Last updated on July 17th, 2021 at 06:54 am
During policy debates, some advocates take positions that offer short-term advantages in exchange for long-term disadvantages. The long-term disadvantages are often in the form of new technical debt. Or they might advocate allowing legacy technical debt to remain in place. Some of these decisions can be strategic, and they can benefit the enterprise. But when the primary beneficiary of the strategy is the decision maker or the advocate, a dominant contributing factor can be organizational psychopathy. This risk is higher when he or she intends knowingly to move on to a new position or to employment elsewhere before the true cost of the technical debt becomes evident.
Such decisions can be counterproductive for the enterprise in the long term. But decision makers or advocates nevertheless favor these decisions, because they plan to take credit for the short-term benefits. They then move on to new career positions elsewhere to escape the technical debt problems they created. In effect, the decision maker or advocate plans to “surf the debt tsunami.”

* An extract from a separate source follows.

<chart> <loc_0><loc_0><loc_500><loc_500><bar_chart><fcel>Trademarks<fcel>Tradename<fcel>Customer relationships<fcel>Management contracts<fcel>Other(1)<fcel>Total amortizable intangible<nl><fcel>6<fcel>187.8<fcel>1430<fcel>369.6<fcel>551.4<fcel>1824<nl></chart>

The organizational psychopath
People who adopt strategies of this kind might be following the pattern of organizational psychopathy [Babiak 2007] [Morse 2004]. Organizational psychopaths compulsively seek power and control over others. They use a vast array of tactics, but the tactic of greatest relevance to this discussion is the use of enterprise resources to advance the psychopath’s career. Technical debt provides a mechanism for borrowing future resources to enhance present performance, thus advancing the career of the psychopath. It’s especially attractive to the psychopath because the harmful consequences of technical debt can remain hidden until the psychopath has long ago moved on.

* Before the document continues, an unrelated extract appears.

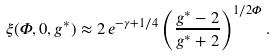Convert formula to latex. <formula><loc_0><loc_0><loc_500><loc_500>\xi ( \Phi , 0 , g ^ { * } ) \approx 2 \, e ^ { - \gamma + 1 / 4 } \left ( \frac { g ^ { * } - 2 } { g ^ { * } + 2 } \right ) ^ { 1 / 2 \Phi } .</formula>

Psychopaths are better equipped than most to execute such strategies. They can be exceedingly charming, intelligent, charismatic, and adept at deception. They’re willing to conceal the truth about the technical debt they create, misrepresenting its costs and consequences, or concealing it altogether. Most important, organizational psychopaths seem to lack the internal regulators of conscience and compunction that limit the actions of non-psychopaths. For example, in a debate about a specific technical decision, the psychopath is willing to use any tools available to win the point, including using deception to destroy the career of anyone who challenges the psychopath’s position.
Last words
Babiak and Hare estimate that the incidence of psychopathy in senior positions in business is about 3-4%—between 1/30 and 1/25. However, I’m unaware of any studies of the strategic use of technical debt by these individuals. It’s reasonable to suppose that technical debt has been so employed, but the significance of this phenomenon is unknown. Serious investigation is in order.
References
[Babiak 2007] Paul Babiak and Robert D. Hare. Snakes in Suits: When Psychopaths Go to Work. New York: HarperCollins, 2007. ISBN:978-0-06-114789-0
An accessible and authoritative overview of organizational psychopathy. Order from Amazon
- Organizational psychopathy: career advancement by surfing the debt tsunami
- Malfeasance can be a source of technical debt
[Morse 2004] Gardiner Morse. “Executive psychopaths,” Harvard Business Review, 82:10, 20-22, 2004.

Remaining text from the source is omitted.